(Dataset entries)
BEGIN

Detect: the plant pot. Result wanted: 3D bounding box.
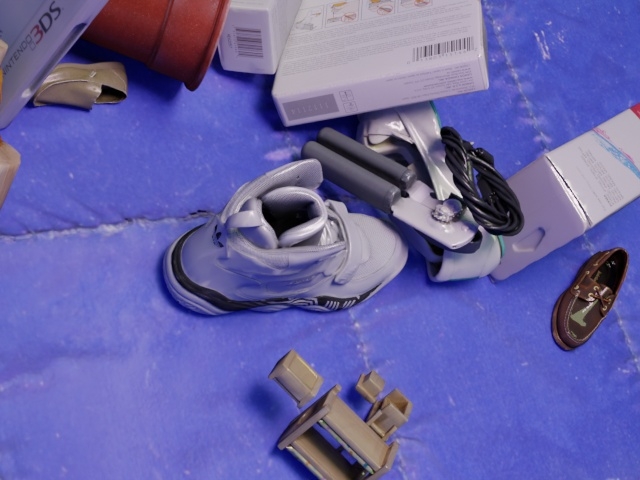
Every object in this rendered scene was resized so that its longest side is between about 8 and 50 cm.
[{"bbox_3d":[-0.257,-0.357,1.290,0.265,0.272,0.273,13,60,-17],"label":"plant pot"}]

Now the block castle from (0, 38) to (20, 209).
[{"bbox_3d":[-0.535,-0.109,0.978,0.453,0.213,0.303,13,34,-32],"label":"block castle"}]

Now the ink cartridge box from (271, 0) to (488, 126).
[{"bbox_3d":[0.090,-0.293,1.461,0.261,0.296,0.066,-83,159,-43],"label":"ink cartridge box"}]

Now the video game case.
[{"bbox_3d":[-0.384,-0.341,1.158,0.036,0.300,0.329,-22,79,-49],"label":"video game case"}]

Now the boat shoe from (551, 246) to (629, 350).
[{"bbox_3d":[0.431,0.085,1.603,0.073,0.073,0.207,41,53,-9],"label":"boat shoe"}]

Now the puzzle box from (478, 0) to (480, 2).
[{"bbox_3d":[0.151,-0.502,1.739,0.272,0.052,0.409,14,60,-27],"label":"puzzle box"}]

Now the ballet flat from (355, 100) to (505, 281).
[{"bbox_3d":[0.131,-0.117,1.492,0.139,0.139,0.400,-19,79,-37],"label":"ballet flat"}]

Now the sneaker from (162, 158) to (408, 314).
[{"bbox_3d":[0.000,0.000,1.283,0.365,0.210,0.138,-5,70,-34],"label":"sneaker"}]

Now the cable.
[{"bbox_3d":[0.220,-0.083,1.381,0.150,0.047,0.185,44,26,-32],"label":"cable"}]

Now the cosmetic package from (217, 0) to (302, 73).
[{"bbox_3d":[-0.080,-0.358,1.454,0.085,0.117,0.231,8,49,8],"label":"cosmetic package"}]

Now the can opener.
[{"bbox_3d":[0.095,-0.062,1.406,0.280,0.093,0.074,33,55,18],"label":"can opener"}]

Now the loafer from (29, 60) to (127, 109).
[{"bbox_3d":[-0.306,-0.195,1.289,0.148,0.056,0.050,-20,72,-37],"label":"loafer"}]

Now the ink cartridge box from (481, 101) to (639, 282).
[{"bbox_3d":[0.394,-0.079,1.564,0.306,0.226,0.131,-25,81,-39],"label":"ink cartridge box"}]

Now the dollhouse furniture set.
[{"bbox_3d":[0.008,0.210,1.281,0.182,0.101,0.161,45,27,-4],"label":"dollhouse furniture set"}]
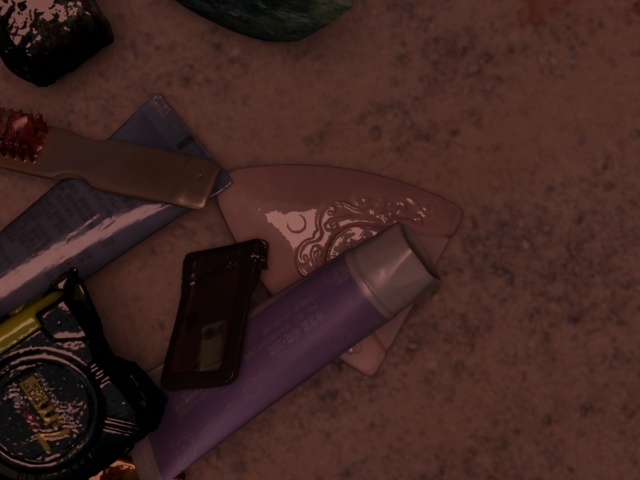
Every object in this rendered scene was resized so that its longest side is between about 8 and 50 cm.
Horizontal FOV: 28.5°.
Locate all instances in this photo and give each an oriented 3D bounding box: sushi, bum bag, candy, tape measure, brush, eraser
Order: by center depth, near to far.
[{"bbox_3d":[-0.272,0.146,1.243,0.186,0.112,0.199,-32,98,-1],"label":"tape measure"},{"bbox_3d":[-0.108,0.077,1.278,0.109,0.026,0.159,-10,59,38],"label":"bum bag"},{"bbox_3d":[-0.260,-0.094,1.284,0.321,0.050,0.060,13,61,12],"label":"brush"},{"bbox_3d":[-0.314,-0.269,1.291,0.127,0.124,0.225,-32,94,-1],"label":"sushi"},{"bbox_3d":[0.000,0.000,1.315,0.243,0.059,0.204,28,88,-4],"label":"eraser"},{"bbox_3d":[-0.208,0.258,1.316,0.122,0.038,0.062,18,88,0],"label":"candy"}]

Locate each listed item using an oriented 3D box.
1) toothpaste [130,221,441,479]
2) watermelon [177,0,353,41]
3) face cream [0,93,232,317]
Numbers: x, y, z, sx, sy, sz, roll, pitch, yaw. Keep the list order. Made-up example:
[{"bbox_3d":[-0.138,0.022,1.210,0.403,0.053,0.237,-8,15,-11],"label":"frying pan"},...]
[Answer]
[{"bbox_3d":[-0.054,0.110,1.264,0.371,0.080,0.125,-34,59,11],"label":"toothpaste"},{"bbox_3d":[-0.084,-0.367,1.262,0.387,0.228,0.258,42,79,10],"label":"watermelon"},{"bbox_3d":[-0.280,0.010,1.303,0.385,0.086,0.135,-38,71,-5],"label":"face cream"}]
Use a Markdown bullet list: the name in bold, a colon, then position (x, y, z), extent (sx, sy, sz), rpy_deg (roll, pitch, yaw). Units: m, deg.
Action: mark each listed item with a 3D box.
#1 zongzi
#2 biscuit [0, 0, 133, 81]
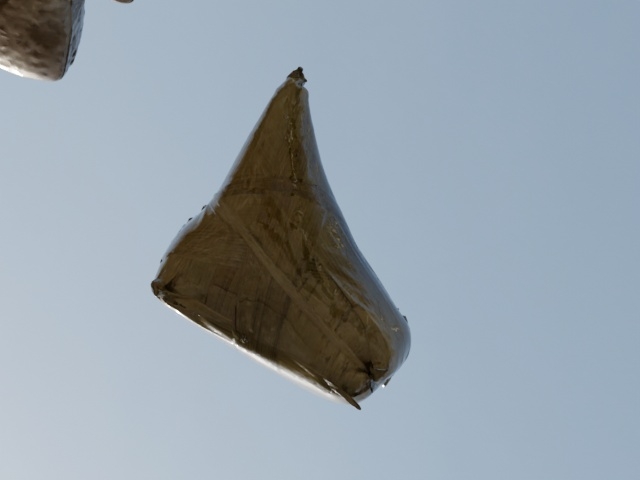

END

■ Task directions
Within the entries, find all lines holding "listed" and copy each one.

■ Result below
Locate each listed item using an oriented 3D box.
Action: mark each listed item with a 3D box.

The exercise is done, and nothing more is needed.